Porto (2007) reconhece que essa situação pode levá-los a uma aprendizagem integradora, diretamente relacionada ao desenvolvimento psicológico, denotando mais possibilidades de interação e adaptação desse aluno à realidade ao longo de toda a sua vida, contando com múltiplas influências de fatores ambientais e individuais. Nessa trajetória, muitas vezes, os alunos não são capazes de expressar, nem de reproduzir o que os faz temer, desenvolvendo angústias, fazendo surgir depressão, revolta ou desespero, ou ainda, a possibilidade de regressão no nível de desenvolvimento. Mais uma vez, o professor fará a diferença, observando, avaliando, incentivando o sentimento de valorização da vida, amor próprio, autoestima, aceitação e segurança; recuperando esses prazeres e garantindo a construção dos conhecimentos que estariam acontecendo no ambiente escolar.
Dessa forma, é de inteira responsabilidade do professor, inventar e reinventar formas estratégicas para desafiar esse alunado no que se refere à continuidade de seus trabalhos escolares, já que, muitas vezes, se depara com tais barreiras, sendo elas ocasionadas pelo conflito de imagem construída pelo próprio aluno
Appel (2000) compreende também que, dependendo do estágio da doença do aluno, são inúmeros os medicamentos utilizados e que podem ocasionar sérios problemas de regressão no sistema nervoso central, atingindo a memória, concentração, atenção, coordenação motora fina, linguagem, inteligência, bem como sua aprendizagem. Descreve, paralelamente, outras situações, nas quais os tratamentos causam efeitos colaterais distintos, afetando sua autoimagem, além de limitar movimentos motores , fazendo com que não se sintam aptos a enfrentar a vida em sociedade. Nessa condição, mesmo que o atendimento pedagógico-educacional em hospitais não requeira uma formação específica, esse momento requer profissionais com destreza e discernimento para atuar com planos e programas abertos, móveis, mutantes, constantemente avaliados, reorientados pela situação especial e individual.

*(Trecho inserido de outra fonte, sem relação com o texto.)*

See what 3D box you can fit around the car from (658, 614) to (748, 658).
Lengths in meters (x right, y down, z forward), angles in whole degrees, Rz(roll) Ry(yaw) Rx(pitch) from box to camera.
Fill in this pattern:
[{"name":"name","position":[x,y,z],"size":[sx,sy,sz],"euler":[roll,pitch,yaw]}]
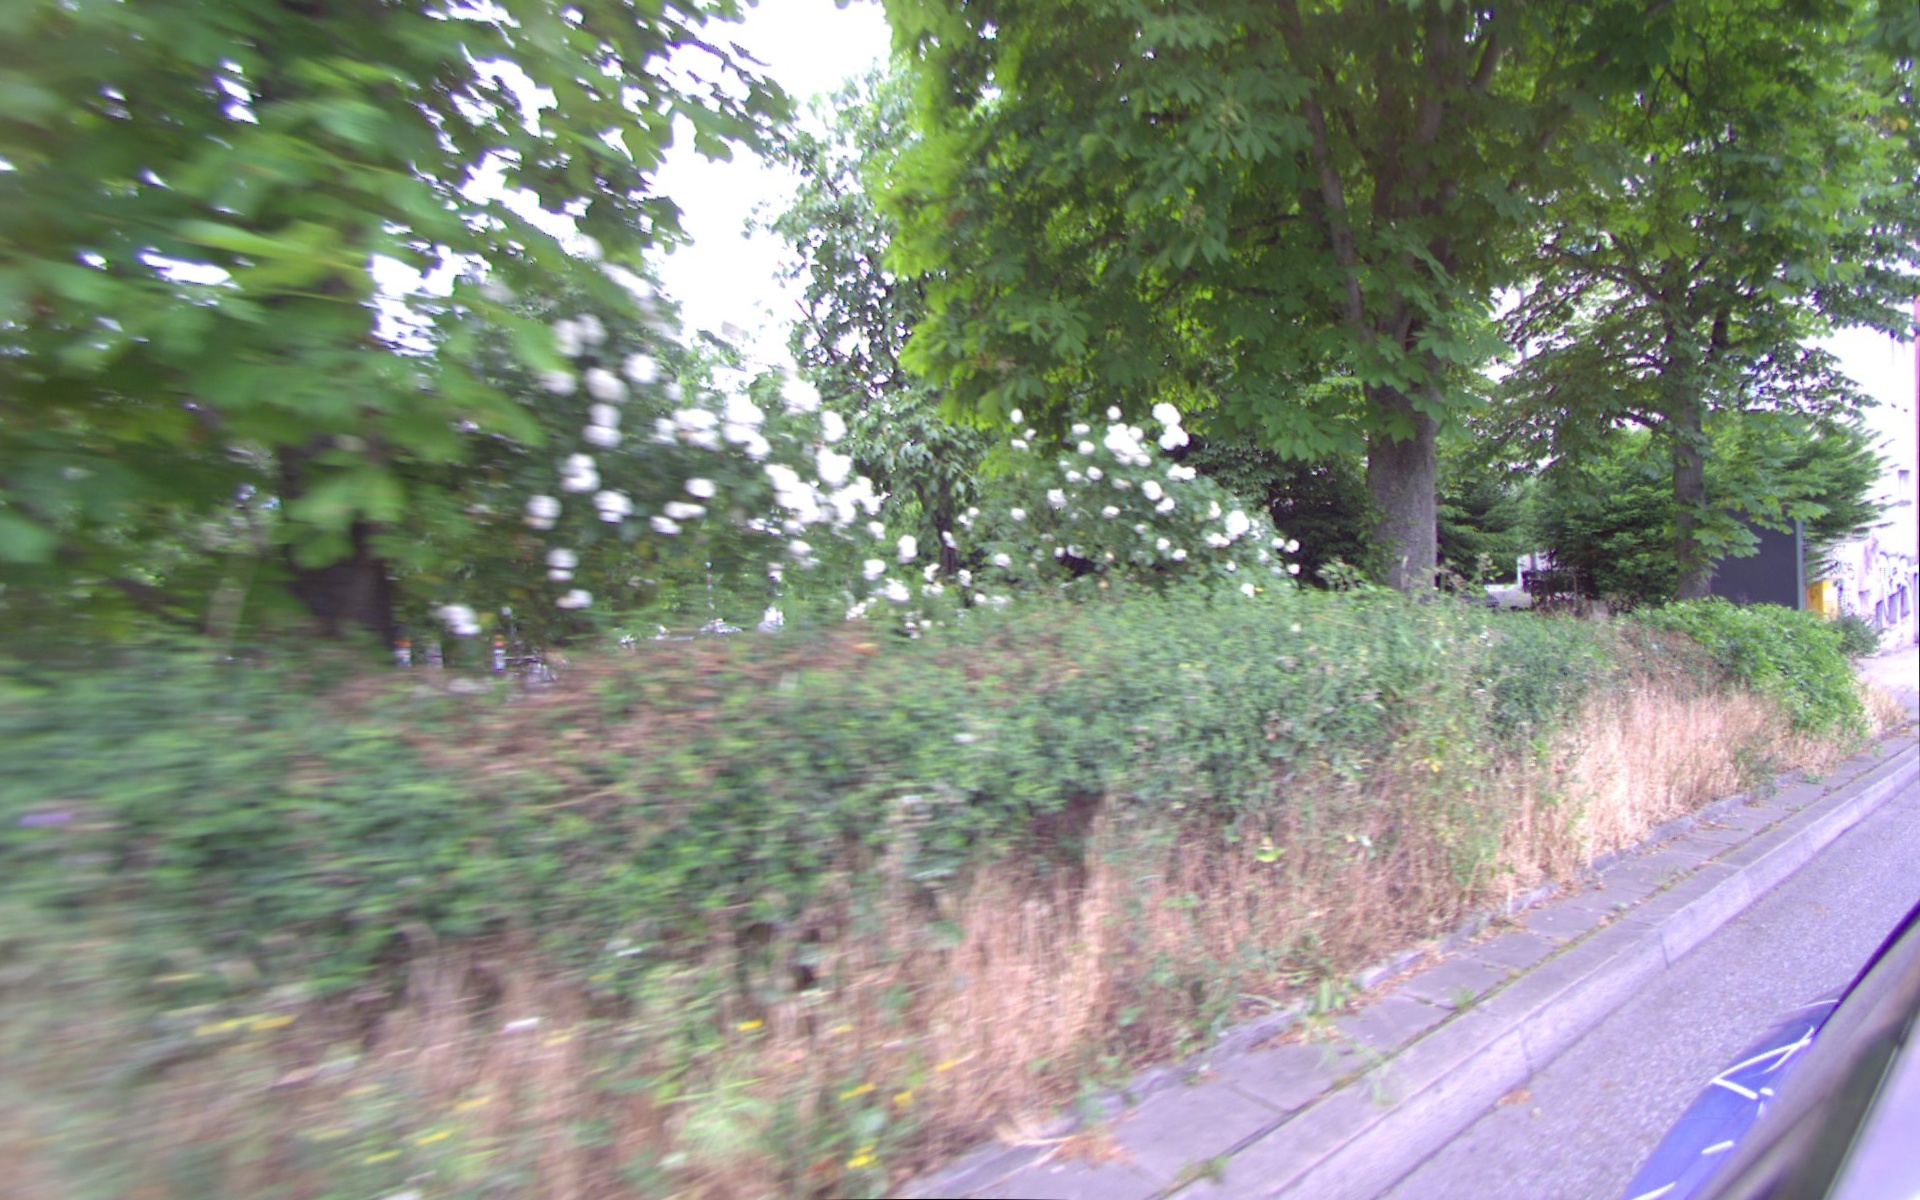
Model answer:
[{"name":"car","position":[-12.743,1.754,50.485],"size":[1.976,1.928,4.681],"euler":[-3,0,21]}]

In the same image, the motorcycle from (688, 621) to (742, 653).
[{"name":"motorcycle","position":[-9.068,1.358,37.548],"size":[0.748,1.046,2.034],"euler":[-3,0,29]}]

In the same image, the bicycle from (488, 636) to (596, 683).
[{"name":"bicycle","position":[-12.388,1.740,30.034],"size":[2.894,1.160,0.924],"euler":[-2,-1,-25]}]

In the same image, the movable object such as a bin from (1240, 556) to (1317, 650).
[{"name":"movable object such as a bin","position":[5.536,0.052,17.639],"size":[1.184,1.555,0.839],"euler":[-2,0,18]}]

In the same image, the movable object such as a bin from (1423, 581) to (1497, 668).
[{"name":"movable object such as a bin","position":[9.004,0.418,18.269],"size":[0.796,1.505,1.078],"euler":[1,2,4]}]

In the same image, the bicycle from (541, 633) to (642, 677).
[{"name":"bicycle","position":[-11.636,1.717,31.968],"size":[2.894,1.160,0.924],"euler":[-2,-1,-25]}]

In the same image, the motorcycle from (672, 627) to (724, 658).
[{"name":"motorcycle","position":[-9.829,1.574,38.102],"size":[0.747,1.046,2.038],"euler":[-3,0,25]}]

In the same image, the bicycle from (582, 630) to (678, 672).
[{"name":"bicycle","position":[-10.894,1.665,33.457],"size":[2.894,1.160,0.924],"euler":[-2,-1,-25]}]

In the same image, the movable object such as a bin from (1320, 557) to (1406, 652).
[{"name":"movable object such as a bin","position":[6.769,0.068,17.057],"size":[1.241,1.555,0.840],"euler":[0,0,16]}]

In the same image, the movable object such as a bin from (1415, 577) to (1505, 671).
[{"name":"movable object such as a bin","position":[8.508,0.393,17.260],"size":[1.129,1.554,0.843],"euler":[-1,2,4]}]

Conforme Wallon (2007), tais processos, em geral, não significam a lei única do seu futuro destino, seja em uma constituição biológica saudável ou doente, pois, no decorrer de toda a sua evolução, as demandas sociais, culturais entrarão nesse jogo, influenciando e alterando toda essa dinâmica de desenvolvimento, que, segundo o autor, é dependente das experiências oferecidas pelo meio e do grau de apropriação que o sujeito faz delas.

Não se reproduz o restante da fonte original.